(Items from a dataset)
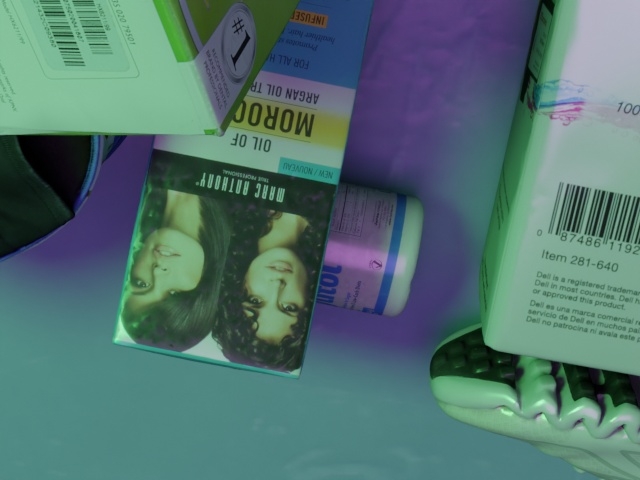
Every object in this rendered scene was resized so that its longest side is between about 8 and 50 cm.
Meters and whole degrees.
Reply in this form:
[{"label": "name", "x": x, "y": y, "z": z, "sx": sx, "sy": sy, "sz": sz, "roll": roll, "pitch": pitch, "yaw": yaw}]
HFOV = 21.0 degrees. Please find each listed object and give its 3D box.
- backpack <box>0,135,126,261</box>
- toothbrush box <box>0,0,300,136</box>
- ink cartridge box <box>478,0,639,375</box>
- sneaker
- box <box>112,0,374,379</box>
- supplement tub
[{"label": "backpack", "x": -0.219, "y": -0.112, "z": 0.860, "sx": 0.277, "sy": 0.213, "sz": 0.263, "roll": -15, "pitch": 105, "yaw": 18}, {"label": "toothbrush box", "x": -0.072, "y": -0.208, "z": 0.730, "sx": 0.122, "sy": 0.283, "sz": 0.206, "roll": 1, "pitch": 132, "yaw": 24}, {"label": "ink cartridge box", "x": 0.209, "y": -0.070, "z": 0.902, "sx": 0.201, "sy": 0.117, "sz": 0.278, "roll": 10, "pitch": 112, "yaw": -1}, {"label": "sneaker", "x": 0.202, "y": 0.118, "z": 0.988, "sx": 0.292, "sy": 0.110, "sz": 0.118, "roll": 11, "pitch": 120, "yaw": -1}, {"label": "box", "x": -0.036, "y": -0.056, "z": 0.900, "sx": 0.101, "sy": 0.060, "sz": 0.244, "roll": 11, "pitch": 87, "yaw": -1}, {"label": "supplement tub", "x": 0.000, "y": 0.000, "z": 0.965, "sx": 0.107, "sy": 0.071, "sz": 0.071, "roll": 11, "pitch": 111, "yaw": -1}]
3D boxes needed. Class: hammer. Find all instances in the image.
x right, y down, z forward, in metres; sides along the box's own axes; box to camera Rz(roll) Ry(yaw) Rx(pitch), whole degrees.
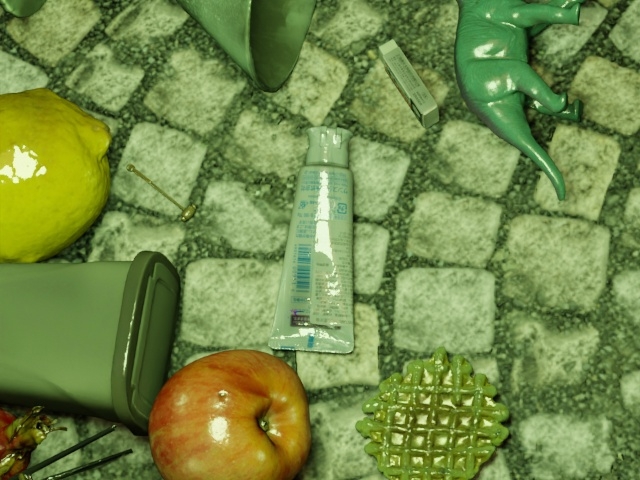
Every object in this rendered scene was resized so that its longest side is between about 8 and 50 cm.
[{"bbox_3d":[-0.221,-0.069,2.052,0.123,0.014,0.029,38,71,17],"label":"hammer"}]

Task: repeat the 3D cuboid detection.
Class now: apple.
[{"bbox_3d":[-0.105,0.234,1.843,0.164,0.209,0.209,-21,65,42],"label":"apple"}]

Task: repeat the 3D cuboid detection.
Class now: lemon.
[{"bbox_3d":[-0.404,-0.080,1.967,0.288,0.233,0.233,-28,71,2],"label":"lemon"}]

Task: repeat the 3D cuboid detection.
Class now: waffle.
[{"bbox_3d":[0.144,0.234,1.900,0.183,0.036,0.169,-42,71,-8],"label":"waffle"}]

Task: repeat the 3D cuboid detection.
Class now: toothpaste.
[{"bbox_3d":[0.000,0.000,1.981,0.114,0.073,0.299,4,80,7],"label":"toothpaste"}]

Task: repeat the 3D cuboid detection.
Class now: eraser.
[{"bbox_3d":[0.121,-0.214,2.037,0.029,0.052,0.122,-30,72,-4],"label":"eraser"}]

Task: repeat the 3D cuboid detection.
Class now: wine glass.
[{"bbox_3d":[-0.227,-0.370,2.032,0.406,0.267,0.267,12,74,14],"label":"wine glass"}]

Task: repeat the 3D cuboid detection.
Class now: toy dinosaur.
[{"bbox_3d":[0.191,-0.247,2.030,0.330,0.129,0.383,4,74,19],"label":"toy dinosaur"}]

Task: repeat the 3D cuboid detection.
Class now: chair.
[{"bbox_3d":[-0.329,0.365,1.857,0.247,0.172,0.159,-23,72,-8],"label":"chair"}]

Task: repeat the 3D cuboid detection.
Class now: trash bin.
[{"bbox_3d":[-0.319,0.127,1.900,0.250,0.219,0.220,3,70,14],"label":"trash bin"}]

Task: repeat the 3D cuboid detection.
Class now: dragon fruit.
[{"bbox_3d":[-0.412,0.259,1.884,0.246,0.125,0.125,-26,63,36],"label":"dragon fruit"}]
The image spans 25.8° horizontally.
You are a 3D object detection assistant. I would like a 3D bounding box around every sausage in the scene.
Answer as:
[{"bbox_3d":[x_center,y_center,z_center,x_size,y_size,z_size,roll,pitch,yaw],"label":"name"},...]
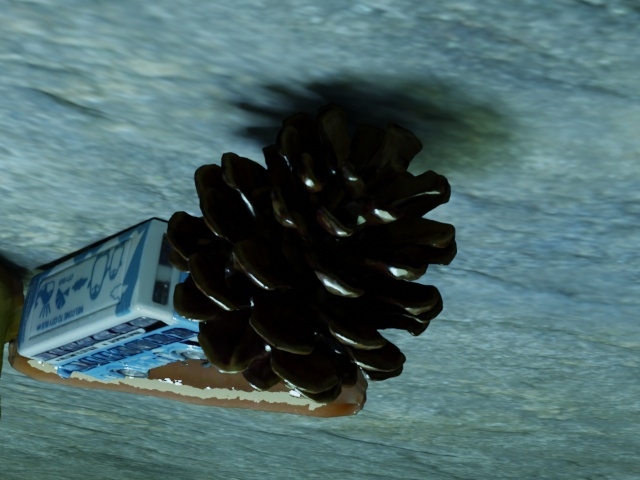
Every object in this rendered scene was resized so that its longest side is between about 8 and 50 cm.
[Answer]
[{"bbox_3d":[-0.152,0.143,1.627,0.419,0.094,0.094,7,178,-4],"label":"sausage"}]

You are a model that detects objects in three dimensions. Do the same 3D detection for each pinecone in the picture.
[{"bbox_3d":[0.000,0.000,0.949,0.207,0.208,0.208,6,163,2],"label":"pinecone"}]

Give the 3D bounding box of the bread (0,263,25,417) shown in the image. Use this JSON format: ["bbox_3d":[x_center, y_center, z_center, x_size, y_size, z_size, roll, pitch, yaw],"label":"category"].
[{"bbox_3d":[-0.492,0.119,1.407,0.398,0.215,0.398,-5,156,-2],"label":"bread"}]

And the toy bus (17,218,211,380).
[{"bbox_3d":[-0.182,0.066,1.362,0.131,0.106,0.297,19,158,-30],"label":"toy bus"}]
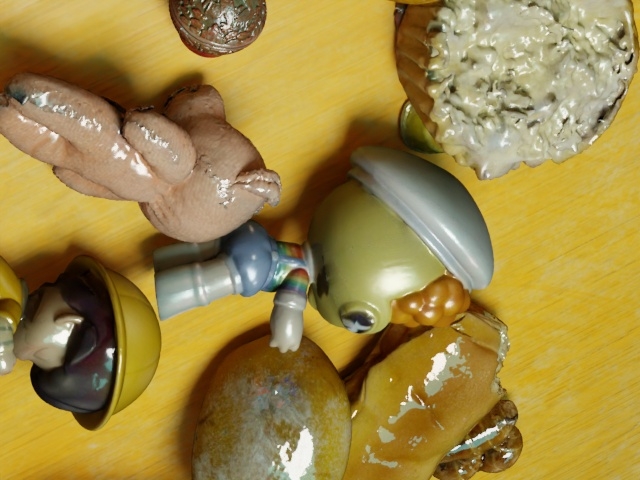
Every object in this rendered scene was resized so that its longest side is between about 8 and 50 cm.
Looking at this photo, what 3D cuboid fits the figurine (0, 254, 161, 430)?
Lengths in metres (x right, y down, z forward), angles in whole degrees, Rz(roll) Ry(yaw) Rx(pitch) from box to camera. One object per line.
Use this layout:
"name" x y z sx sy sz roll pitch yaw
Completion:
"figurine" -0.289 0.088 1.350 0.257 0.192 0.167 33 87 -28

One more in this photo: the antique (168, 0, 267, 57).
"antique" -0.102 -0.233 1.260 0.104 0.104 0.104 -13 127 -17

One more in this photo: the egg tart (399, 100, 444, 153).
"egg tart" 0.143 -0.138 1.487 0.105 0.039 0.105 -13 129 -16

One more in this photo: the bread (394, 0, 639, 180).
"bread" 0.215 -0.205 1.389 0.274 0.149 0.274 -9 114 -20

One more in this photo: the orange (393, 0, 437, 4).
"orange" 0.090 -0.348 1.178 0.264 0.264 0.264 -13 127 -17

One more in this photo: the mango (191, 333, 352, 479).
"mango" -0.061 0.270 1.548 0.192 0.146 0.316 6 87 8

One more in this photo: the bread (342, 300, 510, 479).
"bread" 0.111 0.222 1.654 0.195 0.149 0.344 27 108 -38

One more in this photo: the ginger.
"ginger" 0.216 0.295 1.811 0.162 0.073 0.103 -25 117 0

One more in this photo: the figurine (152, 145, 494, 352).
"figurine" 0.004 0.016 1.400 0.382 0.224 0.205 -16 122 -18

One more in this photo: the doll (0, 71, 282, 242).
"doll" -0.187 -0.113 1.295 0.303 0.201 0.156 30 65 -32
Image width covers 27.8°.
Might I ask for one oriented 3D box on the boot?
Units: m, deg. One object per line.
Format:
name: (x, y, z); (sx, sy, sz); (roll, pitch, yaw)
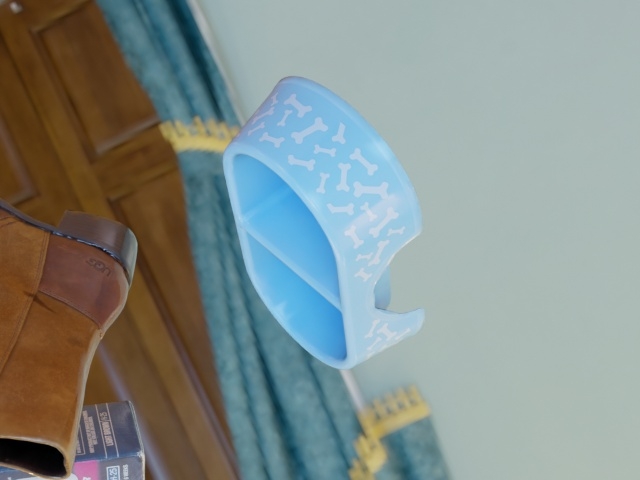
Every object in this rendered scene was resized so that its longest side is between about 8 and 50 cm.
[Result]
boot: (-0.302, 0.078, 1.064); (0.280, 0.264, 0.096); (-79, -177, -51)

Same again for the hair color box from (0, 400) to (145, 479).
hair color box: (-0.346, 0.271, 1.254); (0.347, 0.173, 0.105); (-5, -154, -14)

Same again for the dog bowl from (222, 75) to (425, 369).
dog bowl: (0.000, 0.000, 1.054); (0.074, 0.166, 0.297); (-40, 151, -20)
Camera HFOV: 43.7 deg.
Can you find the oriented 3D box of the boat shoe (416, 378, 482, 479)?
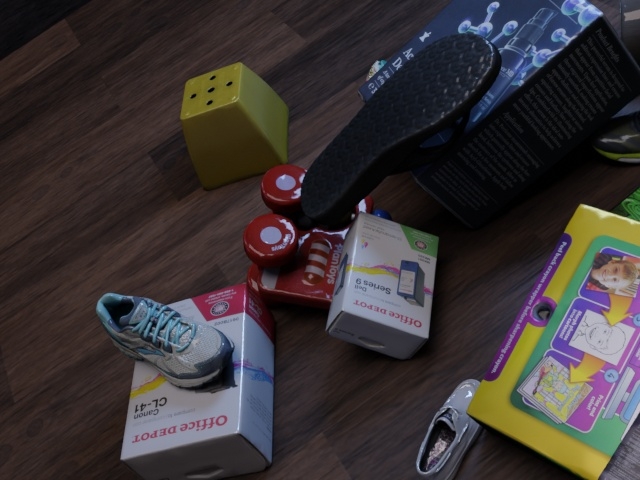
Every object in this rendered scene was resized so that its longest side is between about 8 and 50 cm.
[{"bbox_3d":[0.193,0.280,1.195,0.066,0.063,0.184,19,62,38],"label":"boat shoe"}]

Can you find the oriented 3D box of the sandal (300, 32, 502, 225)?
[{"bbox_3d":[0.136,-0.177,1.327,0.446,0.107,0.168,-39,45,38],"label":"sandal"}]

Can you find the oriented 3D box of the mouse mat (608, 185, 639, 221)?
[{"bbox_3d":[0.581,-0.034,1.310,0.152,0.007,0.189,-38,44,-7],"label":"mouse mat"}]

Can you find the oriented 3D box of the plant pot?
[{"bbox_3d":[-0.207,-0.274,1.815,0.212,0.187,0.212,-16,46,16],"label":"plant pot"}]

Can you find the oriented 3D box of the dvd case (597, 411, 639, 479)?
[{"bbox_3d":[0.459,0.246,0.952,0.164,0.018,0.221,30,83,37],"label":"dvd case"}]

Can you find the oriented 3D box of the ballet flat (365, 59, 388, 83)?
[{"bbox_3d":[0.155,-0.305,1.741,0.077,0.091,0.241,-49,33,26],"label":"ballet flat"}]

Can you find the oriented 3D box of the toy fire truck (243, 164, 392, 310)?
[{"bbox_3d":[0.000,0.000,1.504,0.254,0.169,0.302,11,55,6],"label":"toy fire truck"}]

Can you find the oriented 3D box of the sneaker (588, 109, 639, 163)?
[{"bbox_3d":[0.613,-0.226,1.379,0.300,0.121,0.111,-15,46,16],"label":"sneaker"}]

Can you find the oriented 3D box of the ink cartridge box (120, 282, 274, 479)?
[{"bbox_3d":[-0.204,0.249,1.390,0.226,0.131,0.306,-16,44,15],"label":"ink cartridge box"}]

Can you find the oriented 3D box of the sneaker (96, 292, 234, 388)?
[{"bbox_3d":[-0.271,0.157,1.325,0.283,0.122,0.110,9,56,35],"label":"sneaker"}]

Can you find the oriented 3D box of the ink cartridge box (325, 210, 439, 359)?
[{"bbox_3d":[0.108,0.075,1.356,0.154,0.093,0.212,19,55,-8],"label":"ink cartridge box"}]

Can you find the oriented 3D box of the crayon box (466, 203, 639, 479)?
[{"bbox_3d":[0.428,0.162,1.101,0.313,0.106,0.363,24,79,39],"label":"crayon box"}]

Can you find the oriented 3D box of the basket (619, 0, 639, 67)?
[{"bbox_3d":[0.683,-0.417,1.498,0.227,0.154,0.204,-2,52,22],"label":"basket"}]

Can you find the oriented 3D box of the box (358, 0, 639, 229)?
[{"bbox_3d":[0.314,-0.273,1.436,0.395,0.212,0.293,-42,43,16],"label":"box"}]
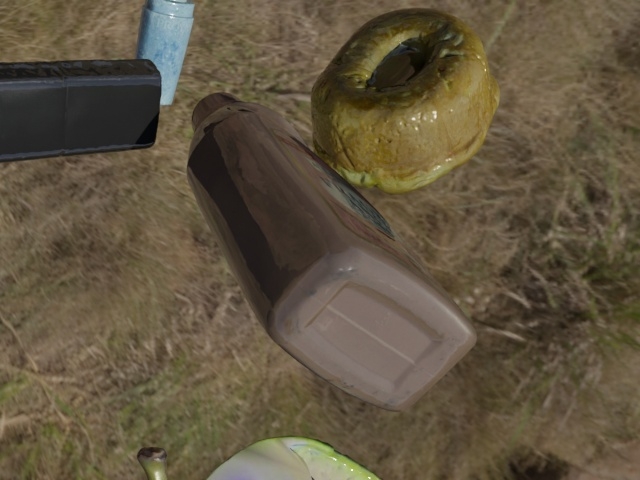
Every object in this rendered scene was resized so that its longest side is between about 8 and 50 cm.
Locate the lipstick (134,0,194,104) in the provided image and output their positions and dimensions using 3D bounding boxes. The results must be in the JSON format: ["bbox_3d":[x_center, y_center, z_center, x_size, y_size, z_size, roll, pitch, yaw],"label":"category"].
[{"bbox_3d":[-0.198,-0.319,1.393,0.068,0.061,0.274,2,113,-32],"label":"lipstick"}]

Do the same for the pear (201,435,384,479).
[{"bbox_3d":[-0.037,0.402,1.010,0.399,0.165,0.399,22,52,-32],"label":"pear"}]

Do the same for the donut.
[{"bbox_3d":[0.105,-0.175,1.283,0.128,0.208,0.261,75,32,-42],"label":"donut"}]

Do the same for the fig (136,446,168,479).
[{"bbox_3d":[-0.046,0.144,0.420,0.089,0.125,0.089,-19,147,-13],"label":"fig"}]

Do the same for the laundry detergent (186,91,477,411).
[{"bbox_3d":[0.000,0.000,0.638,0.076,0.237,0.171,-47,128,9],"label":"laundry detergent"}]

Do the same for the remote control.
[{"bbox_3d":[-0.187,-0.069,0.586,0.245,0.025,0.063,-13,118,-47],"label":"remote control"}]
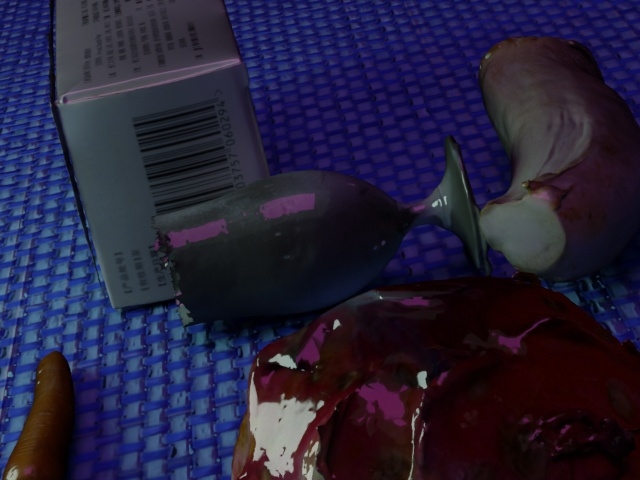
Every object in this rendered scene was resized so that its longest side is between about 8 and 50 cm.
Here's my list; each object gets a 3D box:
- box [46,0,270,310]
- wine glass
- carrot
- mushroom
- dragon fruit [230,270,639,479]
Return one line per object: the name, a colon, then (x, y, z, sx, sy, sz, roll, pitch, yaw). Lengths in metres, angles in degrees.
box: (-0.127, -0.099, 1.340, 0.145, 0.173, 0.333, -13, 25, -4)
wine glass: (0.000, 0.000, 1.161, 0.222, 0.103, 0.103, -13, 25, 0)
carrot: (-0.173, 0.117, 1.076, 0.037, 0.037, 0.190, -12, 21, 3)
mushroom: (0.169, -0.062, 1.204, 0.122, 0.095, 0.351, 16, 23, -1)
dragon fruit: (0.077, 0.099, 0.874, 0.274, 0.126, 0.161, -17, 24, -7)
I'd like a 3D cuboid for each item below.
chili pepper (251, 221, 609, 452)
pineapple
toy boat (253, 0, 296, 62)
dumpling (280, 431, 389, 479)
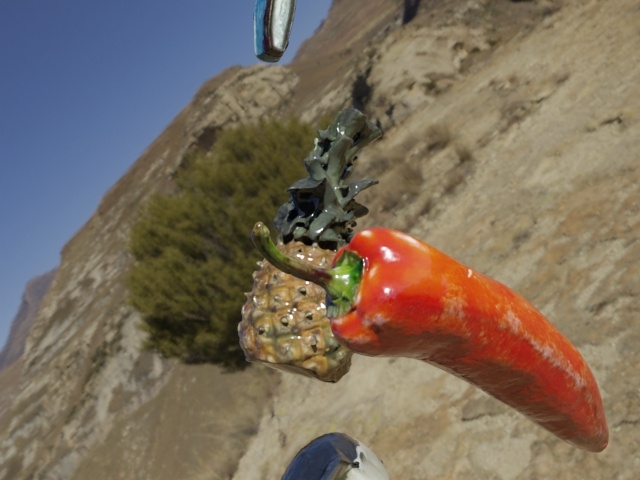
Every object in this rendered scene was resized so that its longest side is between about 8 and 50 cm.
[{"bbox_3d":[0.076,0.051,0.381,0.071,0.272,0.063,-35,36,43],"label":"chili pepper"},{"bbox_3d":[0.000,0.000,0.827,0.170,0.141,0.310,48,-127,-67],"label":"pineapple"},{"bbox_3d":[-0.069,-0.322,1.024,0.061,0.060,0.137,5,90,54],"label":"toy boat"},{"bbox_3d":[-0.010,0.387,1.072,0.227,0.243,0.175,-41,38,-5],"label":"dumpling"}]
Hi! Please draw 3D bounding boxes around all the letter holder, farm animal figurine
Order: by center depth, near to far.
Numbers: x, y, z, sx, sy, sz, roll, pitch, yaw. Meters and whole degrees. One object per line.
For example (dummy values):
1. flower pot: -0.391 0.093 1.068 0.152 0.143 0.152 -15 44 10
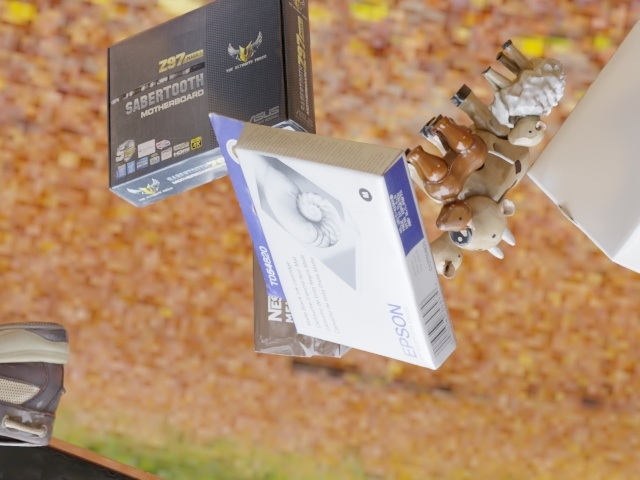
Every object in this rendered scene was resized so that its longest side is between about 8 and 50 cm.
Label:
1. letter holder: -0.280 0.313 2.239 0.302 0.152 0.214 22 177 -10
2. farm animal figurine: 0.162 -0.047 2.420 0.172 0.327 0.330 42 143 -3

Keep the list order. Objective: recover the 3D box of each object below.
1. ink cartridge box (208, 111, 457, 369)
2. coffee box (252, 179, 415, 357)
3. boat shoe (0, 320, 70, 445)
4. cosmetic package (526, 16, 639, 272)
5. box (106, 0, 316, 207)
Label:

→ Work item
Please return only the lines from the top of the data through the line with "- box <box>112,0,374,379</box>", exactly as written, and drop every picture.

→ Response below
Every object in this rendered scene was resized so that its longest side is between about 8 and 50 cm.
Meters and whole degrees.
Reply in this form:
[{"label": "name", "x": x, "y": y, "z": z, "sx": sx, "sy": sy, "sz": sz, "roll": roll, "pitch": pitch, "yaw": yaw}]
HFOV = 21.0 degrees. Please find each listed object and give its 3D box.
- backpack <box>0,135,126,261</box>
- toothbrush box <box>0,0,300,136</box>
- ink cartridge box <box>478,0,639,375</box>
- sneaker
- box <box>112,0,374,379</box>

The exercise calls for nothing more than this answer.